Python is mainly used in data analysis, so most textbooks and educational programs use Python to create crawlers. However, it is not necessary to use Python. Our company, Hashscraper, is developing using Ruby.

Choosing Python, a widely used language, is a good choice if the goal is achieved. In an era where "know where" is more important than know-how, choosing a language that makes it easy to solve problems through search is a smart choice. (But still, I chose Ruby for its simplicity and convenience)

2) IP Blocking

When you diligently type and understand while creating a crawler after reading a book, it works well at first. However, when collecting data from large-scale sites, you may encounter situations like the following:

Access is blocked
Login is required
CAPTCHA appears
Redirected to the wrong page

Since the web server knows your IP, if you request web pages at short intervals, your IP may be blocked for a certain period.

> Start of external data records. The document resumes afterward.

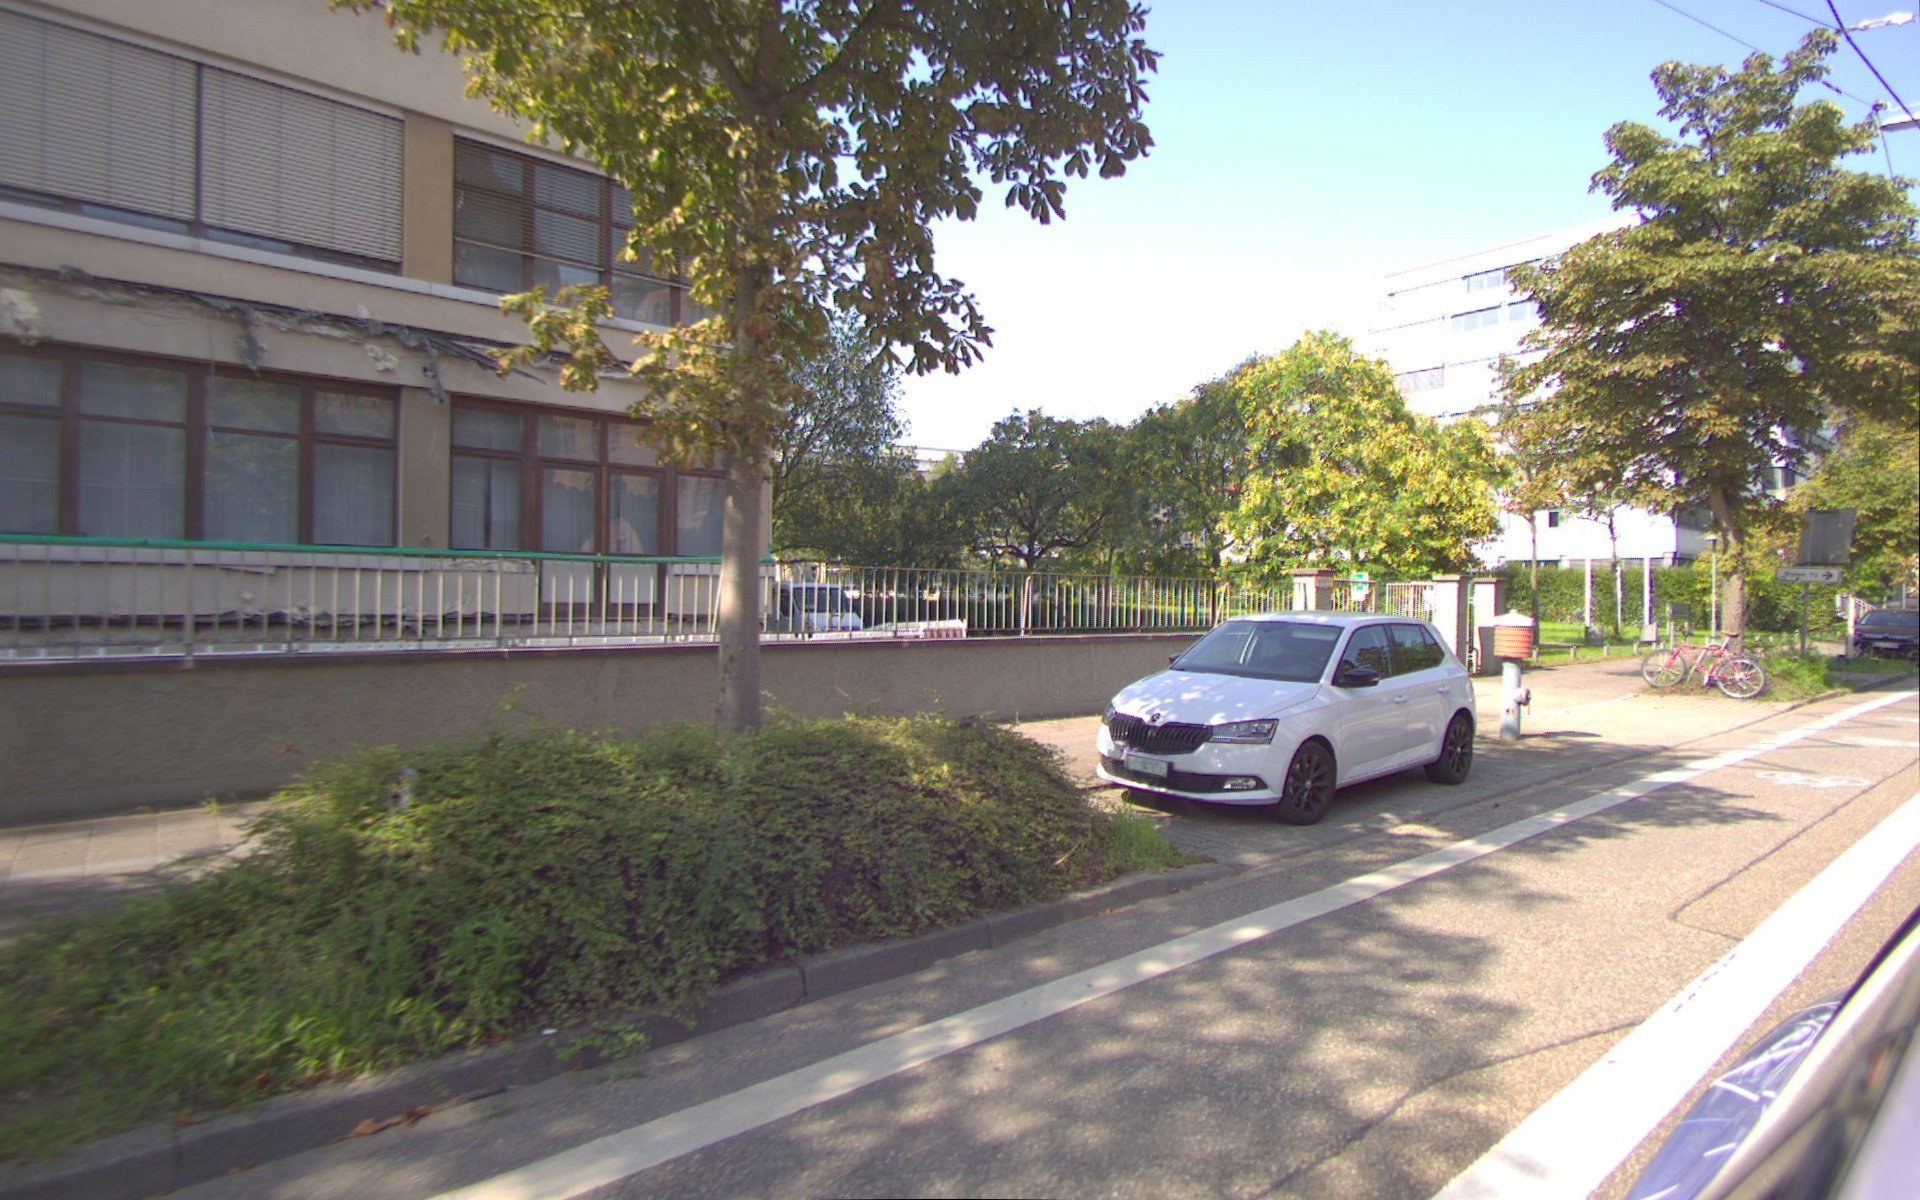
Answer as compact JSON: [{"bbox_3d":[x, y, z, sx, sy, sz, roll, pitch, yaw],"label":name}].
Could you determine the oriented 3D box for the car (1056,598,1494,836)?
[{"bbox_3d":[2.731,0.736,8.301,3.920,1.448,1.643,0,1,-42],"label":"car"}]

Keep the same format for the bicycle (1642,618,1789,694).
[{"bbox_3d":[12.248,0.874,16.438,0.782,1.077,1.772,0,2,-41],"label":"bicycle"}]

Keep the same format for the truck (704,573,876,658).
[{"bbox_3d":[-5.166,0.385,29.778,2.082,2.243,6.582,0,0,-38],"label":"truck"}]

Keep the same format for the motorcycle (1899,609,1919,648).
[{"bbox_3d":[31.382,0.922,32.320,0.632,1.240,1.993,0,0,-14],"label":"motorcycle"}]

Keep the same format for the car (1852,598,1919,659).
[{"bbox_3d":[25.994,0.760,27.730,4.359,1.504,1.744,1,1,-41],"label":"car"}]
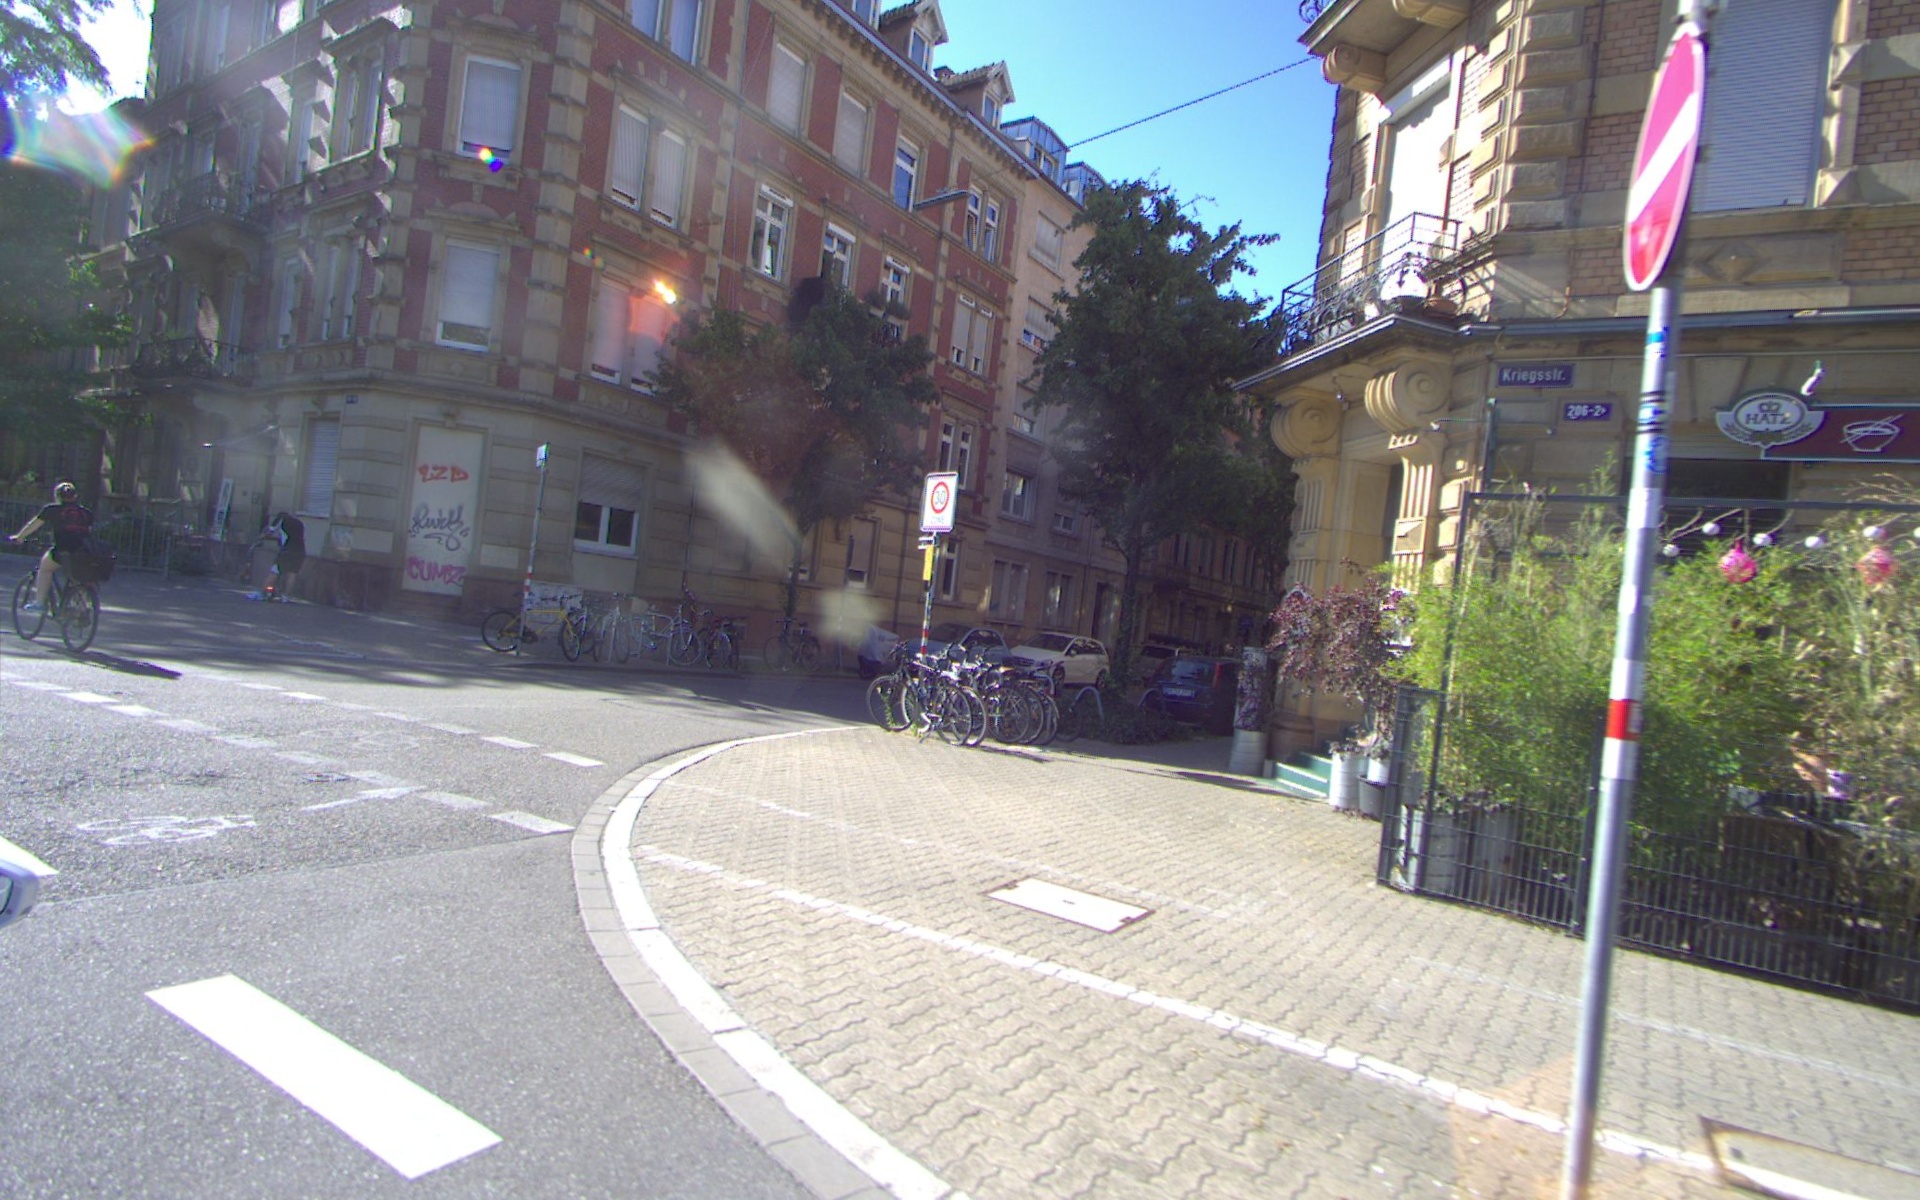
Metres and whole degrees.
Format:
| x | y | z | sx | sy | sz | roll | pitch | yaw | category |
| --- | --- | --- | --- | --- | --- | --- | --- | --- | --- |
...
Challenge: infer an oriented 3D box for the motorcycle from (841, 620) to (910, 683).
| x | y | z | sx | sy | sz | roll | pitch | yaw | category |
| --- | --- | --- | --- | --- | --- | --- | --- | --- | --- |
| -1.990 | 1.179 | 23.342 | 0.985 | 1.299 | 2.407 | 6 | -3 | -18 | motorcycle |

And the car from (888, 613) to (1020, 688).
| x | y | z | sx | sy | sz | roll | pitch | yaw | category |
| --- | --- | --- | --- | --- | --- | --- | --- | --- | --- |
| -0.103 | 1.313 | 25.630 | 1.539 | 1.486 | 3.244 | 9 | 0 | 37 | car |

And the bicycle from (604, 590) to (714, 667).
| x | y | z | sx | sy | sz | roll | pitch | yaw | category |
| --- | --- | --- | --- | --- | --- | --- | --- | --- | --- |
| -5.513 | 0.507 | 18.384 | 2.000 | 1.145 | 0.727 | 7 | 0 | 35 | bicycle |

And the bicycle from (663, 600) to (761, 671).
| x | y | z | sx | sy | sz | roll | pitch | yaw | category |
| --- | --- | --- | --- | --- | --- | --- | --- | --- | --- |
| -4.847 | 0.676 | 19.563 | 2.000 | 1.145 | 0.560 | 7 | 0 | 35 | bicycle |

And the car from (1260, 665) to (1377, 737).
| x | y | z | sx | sy | sz | roll | pitch | yaw | category |
| --- | --- | --- | --- | --- | --- | --- | --- | --- | --- |
| 8.865 | 2.499 | 24.725 | 1.692 | 1.450 | 3.397 | 5 | -3 | 37 | car |

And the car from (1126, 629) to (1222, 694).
| x | y | z | sx | sy | sz | roll | pitch | yaw | category |
| --- | --- | --- | --- | --- | --- | --- | --- | --- | --- |
| 7.958 | 2.317 | 37.177 | 1.733 | 1.983 | 3.988 | 7 | -2 | 37 | car |

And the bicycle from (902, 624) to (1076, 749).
| x | y | z | sx | sy | sz | roll | pitch | yaw | category |
| --- | --- | --- | --- | --- | --- | --- | --- | --- | --- |
| 0.338 | 1.048 | 12.565 | 2.033 | 1.250 | 0.579 | 7 | 0 | 32 | bicycle |

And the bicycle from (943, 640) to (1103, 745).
| x | y | z | sx | sy | sz | roll | pitch | yaw | category |
| --- | --- | --- | --- | --- | --- | --- | --- | --- | --- |
| 0.833 | 1.226 | 13.666 | 2.033 | 1.108 | 0.579 | 7 | 0 | 32 | bicycle |

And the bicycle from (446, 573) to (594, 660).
| x | y | z | sx | sy | sz | roll | pitch | yaw | category |
| --- | --- | --- | --- | --- | --- | --- | --- | --- | --- |
| -6.903 | 0.265 | 15.891 | 1.940 | 1.108 | 0.693 | 7 | 0 | -14 | bicycle |

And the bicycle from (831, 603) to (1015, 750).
| x | y | z | sx | sy | sz | roll | pitch | yaw | category |
| --- | --- | --- | --- | --- | --- | --- | --- | --- | --- |
| -0.465 | 0.865 | 11.786 | 2.033 | 1.414 | 0.579 | 7 | 0 | 32 | bicycle |

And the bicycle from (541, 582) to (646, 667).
| x | y | z | sx | sy | sz | roll | pitch | yaw | category |
| --- | --- | --- | --- | --- | --- | --- | --- | --- | --- |
| -6.291 | 0.403 | 17.197 | 1.940 | 1.108 | 0.579 | 10 | 1 | 37 | bicycle |

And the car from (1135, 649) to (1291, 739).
| x | y | z | sx | sy | sz | roll | pitch | yaw | category |
| --- | --- | --- | --- | --- | --- | --- | --- | --- | --- |
| 5.039 | 1.873 | 19.771 | 1.692 | 1.450 | 3.397 | 5 | -3 | 37 | car |

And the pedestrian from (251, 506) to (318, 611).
| x | y | z | sx | sy | sz | roll | pitch | yaw | category |
| --- | --- | --- | --- | --- | --- | --- | --- | --- | --- |
| -12.536 | -0.763 | 18.681 | 0.740 | 1.836 | 0.656 | 4 | -3 | 35 | pedestrian |

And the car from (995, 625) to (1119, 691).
| x | y | z | sx | sy | sz | roll | pitch | yaw | category |
| --- | --- | --- | --- | --- | --- | --- | --- | --- | --- |
| 2.944 | 1.757 | 29.802 | 1.539 | 1.528 | 4.228 | 8 | -1 | 37 | car |

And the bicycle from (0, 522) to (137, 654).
| x | y | z | sx | sy | sz | roll | pitch | yaw | category |
| --- | --- | --- | --- | --- | --- | --- | --- | --- | --- |
| -9.778 | -0.151 | 10.863 | 1.927 | 1.235 | 0.741 | 7 | 2 | 32 | bicycle |

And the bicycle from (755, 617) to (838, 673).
| x | y | z | sx | sy | sz | roll | pitch | yaw | category |
| --- | --- | --- | --- | --- | --- | --- | --- | --- | --- |
| -3.371 | 0.962 | 20.907 | 0.552 | 1.002 | 1.836 | 12 | 2 | 28 | bicycle |

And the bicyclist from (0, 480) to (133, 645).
| x | y | z | sx | sy | sz | roll | pitch | yaw | category |
| --- | --- | --- | --- | --- | --- | --- | --- | --- | --- |
| -9.733 | -0.400 | 10.890 | 1.082 | 1.599 | 0.743 | 8 | 0 | 32 | bicyclist |

How can you solve IP blocking? You need more IPs. It's a simple but realistically difficult method.

Therefore, Hashscraper has been collecting data using multiple AWS EC2 instances for about 3 years. Additionally, depending on the amount of data to be collected, AutoScaling technology is applied to automatically increase or decrease the number of servers.

Servers that repeat continuous failures shut down on their own, create new instances, and use newly assigned IPs.

3) IP Distribution

There are quite a few places that use EC2 like Hashscraper to crawl, and some specific servers have blocked the entire EC2 IP range. Therefore, they secure "clean" IPs through domestic hosting companies and utilize Proxy IP servers when necessary.

2. Conclusion

For tasks or data collection for reports, creating a basic crawler is sufficient.

However, if you want to utilize it for work (marketing, trend analysis, basic platform data, influencer search, etc.), we recommend establishing a proper crawling system.